This complexed microcrystalline chitosan, due to its structural and
surface advantages, also binds additional amounts of cholesterol,
triglycerides and lipids, The complexation of cholesterol, other
sterols and triglycerides by microcrystalline chitosan according to
the invention is much higher and faster with beneficial
effectivity, in comparison with well-known initial chitosan. The
complexed cholesterol, other sterols and triglycerides with
accompanying lipids joined with microcrystalline chitosan are
excreted from the organism.
[0029] Microcrystalline chitosan according to the invention is
characterized by selective action against two different forms of
cholesterol. This microcrystalline chitosan complexes with the low
density cholesterol of LDL with a high effectivity, producing a
negative effect on hypercholesterolemic and hyperlipidemic
phenomena, and often slightly increasing the high density
cholesterol of HDL, having a positive action for a living organism,
such as a human.
[0030] Microcrystalline chitosan used according to the method of
invention is characterized by a special range of average molecular
weight with highest effectivity for complexation of cholesterol,
other sterols and triglycerides. The average molecular weight of
microcrystalline chitosan useful for reduction of serum cholesterol
content is much lower than for binding of lipid and it is not lower
than 1000 daltons, especially in the range of 10,000 to 300,000
daltons with deacetylation degree in the range of 60 to 99%,
especially 80 to 95%. The most important behaviour of
microcrystalline chitosan according to the invention is continuous
reduction of serum cholesterol content and stability of this
process, in contrast to the initial chitosan where this phenomenon
is not stable and usually is characterized by increase during its
application.
[0031] Microcrystalline chitosan in the form of an air-spray dried
powder with an average molecular weight of Mv=50.000 to 300.000
daltons and deacetylation degree of 70 to 90% has clinically
reduced the total serum cholesterol content during 5 months of its
oral administration by 16 to 25%, already in comparison to an
initial content measured after 3 months from starting the
treatment, depending on the individual test person behaviour. After
the same time the serum triglyceride content was reduced during two
months by 21 to 43% with the same test persons. The known initial
chitosan at similar conditions has reduced the total serum
cholesterol by 10% and triglycerides by 11 to 14% only.

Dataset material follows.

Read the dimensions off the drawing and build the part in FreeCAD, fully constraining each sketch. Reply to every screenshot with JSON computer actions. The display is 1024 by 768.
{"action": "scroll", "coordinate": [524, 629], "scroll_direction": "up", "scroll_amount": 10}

[0032] The advantage of microcrystalline chitosan use according to
the invention is connected with variety of its possible forms from
gel-like dispersion to powder. No special diet is necessary to be
used together with microcrystalline chitosan.

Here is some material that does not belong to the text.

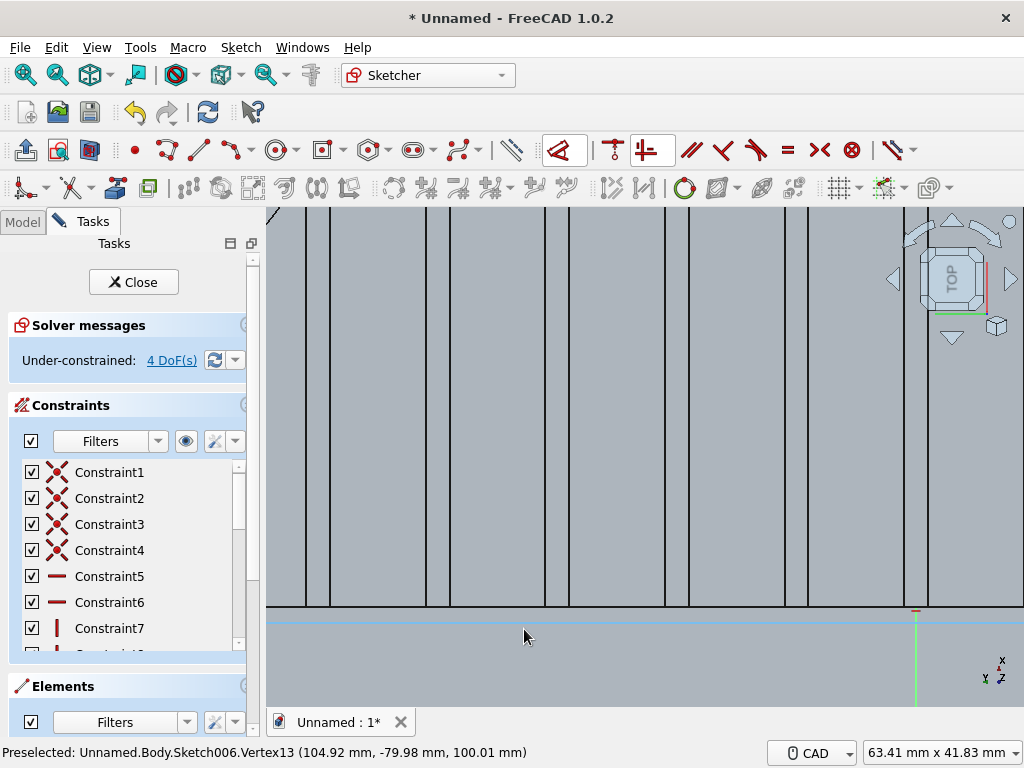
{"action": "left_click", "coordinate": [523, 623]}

[0033] The following methods of the determination of
microcrystalline chitosan properties were used:
[0034] average molecular weight of microcrystalline chitosan:
according to a method described in "Chitin", Pergamon Press, New
York, 1977,
[0035] deacetylation degree of microcrystalline chitosan: according
to a method described in the International Journal of Biological
Macromolecules, Vol. 2, p. 115, 1980,
[0036] water retention value of microcrystalline chitosan:
according to a method described in the Cellulose Chemistry and
Technology, Vol. 11, p. 633, 1977,
[0037] fatty acids binding capacity for chitosan and
microcrystalline chitosan: according to the modified method
described in the Carbo. hydrate Polymers, v.22, p.117, 1993. The
binding capacity in percentage was calculated as the ratio of
amount of fatty acid salt in the form of sodium undecylenic bound
by chitosan to the total amount of this salt used for testing.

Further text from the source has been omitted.